We need to delete the temp files we no longer need (but not tmp2!), and also delete the old index file. Remember how I said that I from 2021 had an issue with some being added the language code? Well, deleting the original file, to then rename tmp2 just index.md fixed all that easily. So, that’s what we’ll do!

# remove temp files
rm "$dest_subdir/tmp" "$dest_subdir/tmp3" "$dest_subdir/$(basename $file)"

# Move the modified front matter to the new file
mv "$dest_subdir/tmp2" "$dest_subdir/index.md"

Now, no matter if the originating file is index.en.md or not, I will have a file name as I wish. Clean!

And that is it!

Now that I had it confirmed that this worked for a single file, I deleted what I had changed in the blog folder, ran a git checkout content to restore file folder to its original state, and created the entire script, and called it rename_files.sh, which I placed in the root of my project.

#!/bin/bash

# Define the source and destination directories
dir="content/blog"

# Loop through the source directory
for file in ${dir}/*/index*.md; do
  echo "$file ---------------------"

  # folder title
  folder_title="$(basename $(dirname $file))"

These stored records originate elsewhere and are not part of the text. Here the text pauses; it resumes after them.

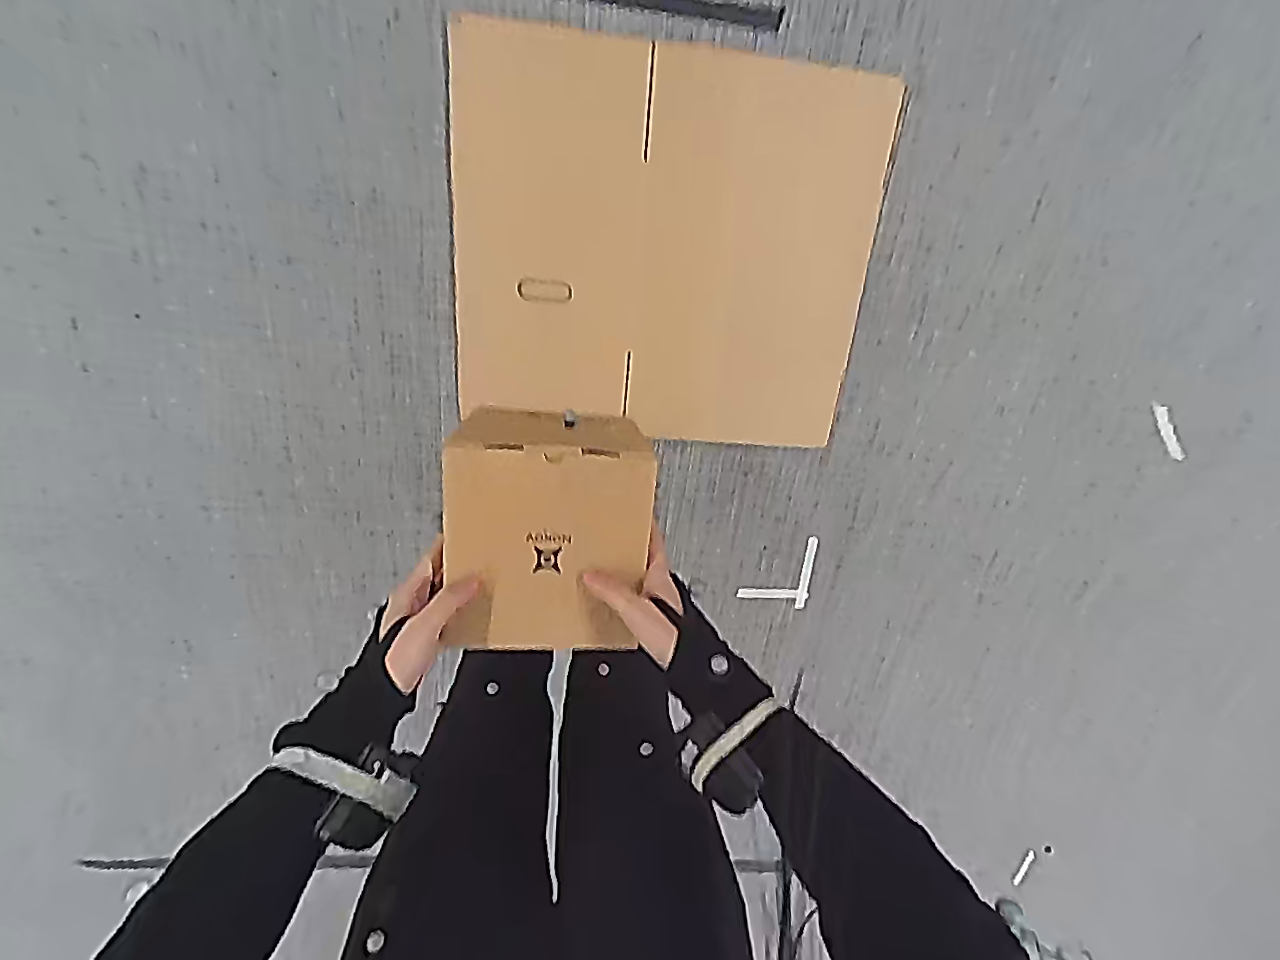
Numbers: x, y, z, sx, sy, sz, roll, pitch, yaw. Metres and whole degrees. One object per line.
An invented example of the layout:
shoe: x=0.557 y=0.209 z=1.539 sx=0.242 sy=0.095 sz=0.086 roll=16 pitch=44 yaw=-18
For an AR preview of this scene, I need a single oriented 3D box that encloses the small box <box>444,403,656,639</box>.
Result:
small box: x=-0.085 y=0.030 z=0.517 sx=0.168 sy=0.176 sz=0.179 roll=2 pitch=106 yaw=-9

  # Extract the post title from the filename
  post_title="$(echo $folder_title | cut -d'-' -f4-)"

  # Extract the year from the filename
  year="$(echo ${folder_title} | cut -d'-' -f1)"
  mkdir -p "$dir/$year"

  # Define the output
  dest_subdir="$dir/$year/$(echo $folder_title | cut -b6-)"

  # move contents
  mv $(dirname $file/) $dest_subdir

  file_new=$(echo $dest_subdir/$(basename $file))

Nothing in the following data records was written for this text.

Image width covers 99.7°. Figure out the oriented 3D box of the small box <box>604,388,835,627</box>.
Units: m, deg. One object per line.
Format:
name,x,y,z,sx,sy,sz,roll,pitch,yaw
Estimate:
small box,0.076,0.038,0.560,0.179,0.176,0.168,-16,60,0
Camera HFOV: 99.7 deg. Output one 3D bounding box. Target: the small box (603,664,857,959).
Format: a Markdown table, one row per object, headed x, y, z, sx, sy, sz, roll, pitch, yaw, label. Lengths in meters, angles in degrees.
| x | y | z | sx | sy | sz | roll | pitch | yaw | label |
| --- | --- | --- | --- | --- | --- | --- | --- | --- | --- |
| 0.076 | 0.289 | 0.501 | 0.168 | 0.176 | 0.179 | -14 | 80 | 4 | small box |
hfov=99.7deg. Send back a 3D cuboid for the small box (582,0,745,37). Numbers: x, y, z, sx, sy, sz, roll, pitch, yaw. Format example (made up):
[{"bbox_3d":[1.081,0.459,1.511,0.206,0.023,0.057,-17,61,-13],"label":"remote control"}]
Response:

  # Save the existing front matter to a temporary file
  sed -n '/^---$/,/^---$/p' "$file_new"  > "$dest_subdir/tmp"

  # remove last ---
  sed '$ d' "$dest_subdir/tmp" > "$dest_subdir/tmp3"

  # remove existing slug
  sed '/^slug:/d' "$dest_subdir/tmp3" > "$dest_subdir/tmp2"

  # Add a slug parameter to the front matter
  echo 'slug: "'"$post_title"'"' >> "$dest_subdir/tmp2"

  # Add an alias to the front matter of the old file
  echo 'aliases:' >> "$dest_subdir/tmp2"
  echo "  - '/"$(dirname $file | cut -d'/' -f 2-6)"'" >> "$dest_subdir/tmp2"

  # add trailing --- to end yaml section
  echo '---' >> "$dest_subdir/tmp2"

  # add content
  sed -n '/^---$/,/^---$/!p' "$file_new" >> "$dest_subdir/tmp2"

  # remove temp files
  rm "$dest_subdir/tmp" "$dest_subdir/tmp3" "$dest_subdir/$(basename $file)"
  
  # Move the modified front matter to the new file
  mv "$dest_subdir/tmp2" "$dest_subdir/index.md"
done

echo "Content reorganization completed."

Now, I could run it in my terminal with

sh rename_files.sh

and watch the magic happen!

Word of caution

Don’t run this willy-nilly. Make sure it makes sense for a single one of your files first, then give it a go. For one, this will not work for a multilingual site, it would need quite some work to do that.

But I am all-in-all very happy with my new setup, and feel its a good first step towards a new and improved website!